3. Do a scan in pitch, measuring the signal in the transmission chamber. The peak of that measurement is the position where the sample is flat relative to the beam direction.

4. Repeat steps 2 and 3.

5. Move the sample tilt to the angle specified by the user in the spreadsheet.

6. Do a scan in the vertical direction, measuring the signal in the fluorescence detector. The center of mass of that measurement is the position where the beam is well-centered on the sample.

The result of this fully automated sequence is shown in Figure 8.10.

Fig. 8.10 This visual representation of the automated glancing angle alignment is posted to Slack and presented in the measurement dossier (Section 9.4).

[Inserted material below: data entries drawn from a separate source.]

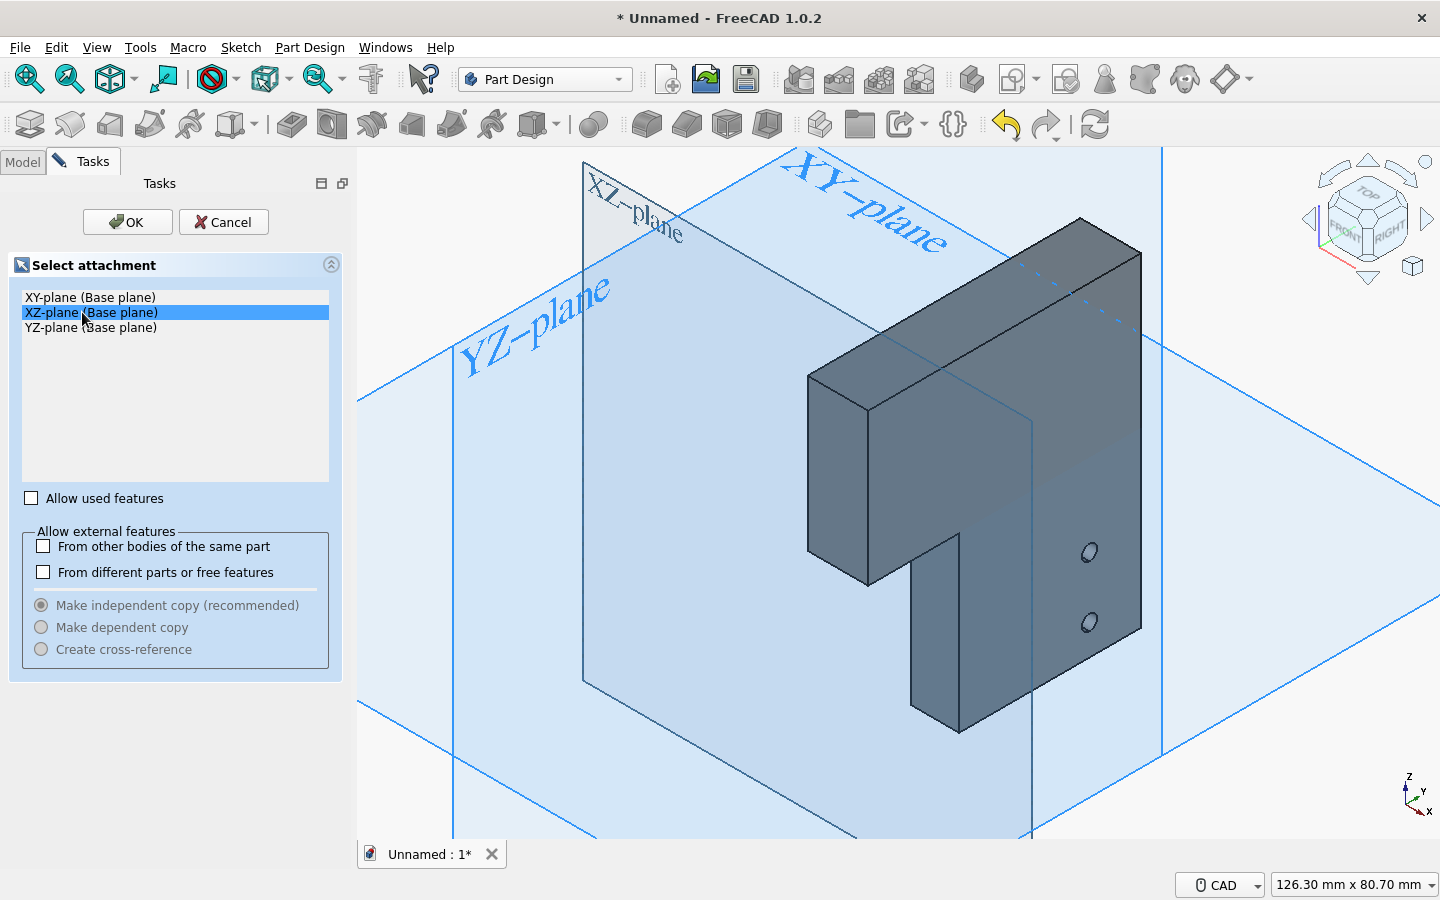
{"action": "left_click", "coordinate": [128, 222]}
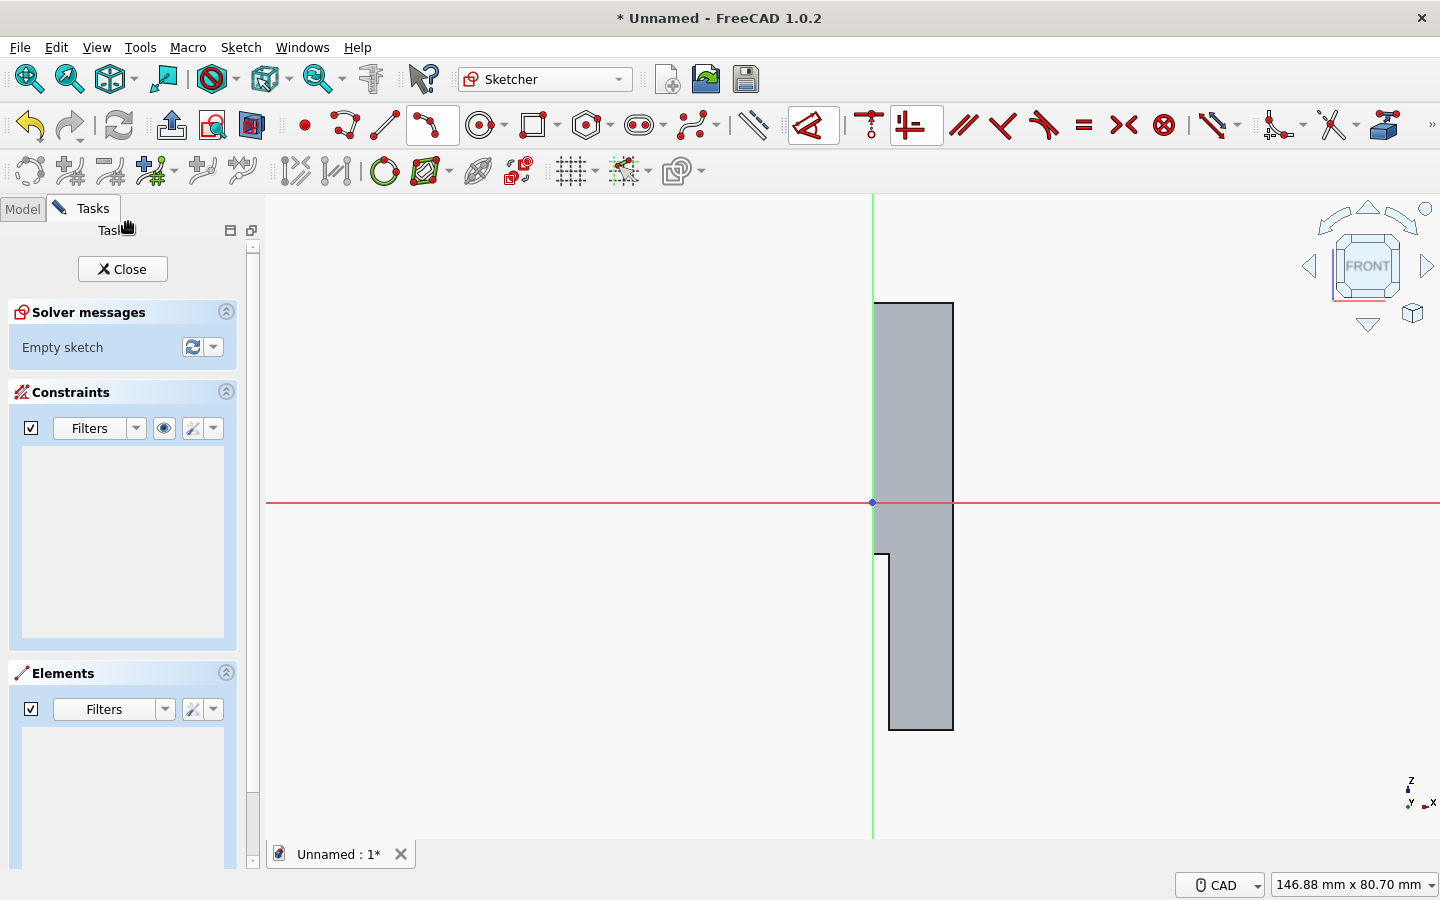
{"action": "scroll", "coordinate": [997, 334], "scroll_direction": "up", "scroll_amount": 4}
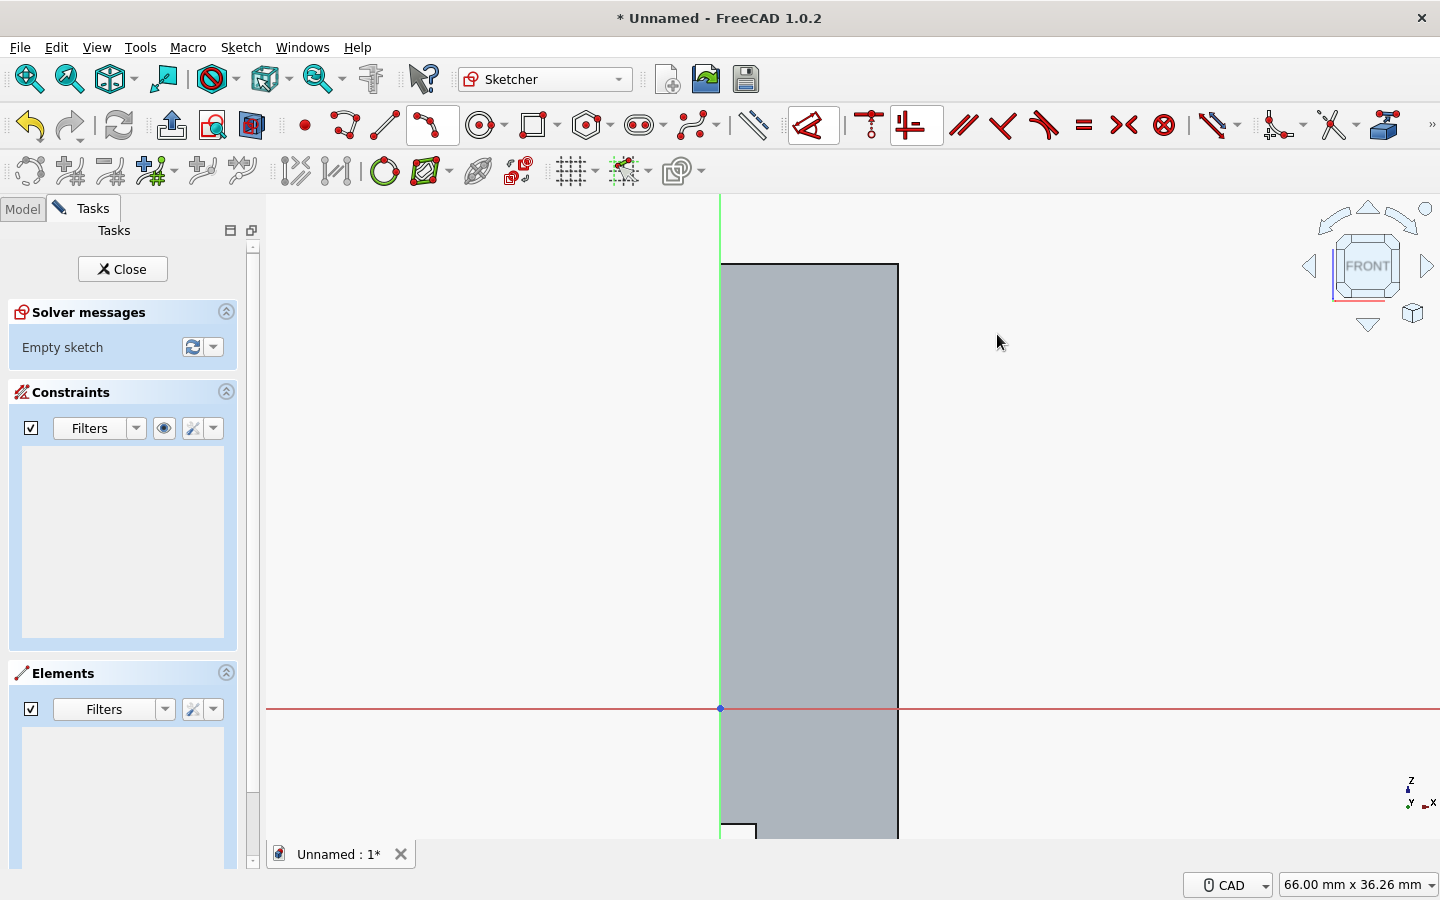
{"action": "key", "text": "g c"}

For some samples, the automated alignment is unreliable, so there is an option in the spreadsheet for manual alignment. In that case, find the xafs_y and xafs_pitch positions for the sample at its measurement angle and well-aligned in the beam. Enter those numbers and they will be used by the macro rather than performing the automated alignment.

8.6. Motor grid automation

The final kind of automation-via-spreadsheet available is BMM is for a generic motor grid. The most common motor grid used for measurement is the sample XY stage, xafs_x and xafs_y. However, any two motors on the beamline can be used for the grid.

There are columns (to the left of the view shown in Figure 8.11) for specifying the axes in the grid.

In all other ways – except for the slot column – this spreadsheet is identical to the ex situ sample wheel spreadsheet.

Fig. 8.11 Example spreadsheet for running an experiment on an XY grid. Link to the motor grid spreadsheet.

Caution

Spreadsheets with version number earlier 13 will not work as of 1 March, 2024.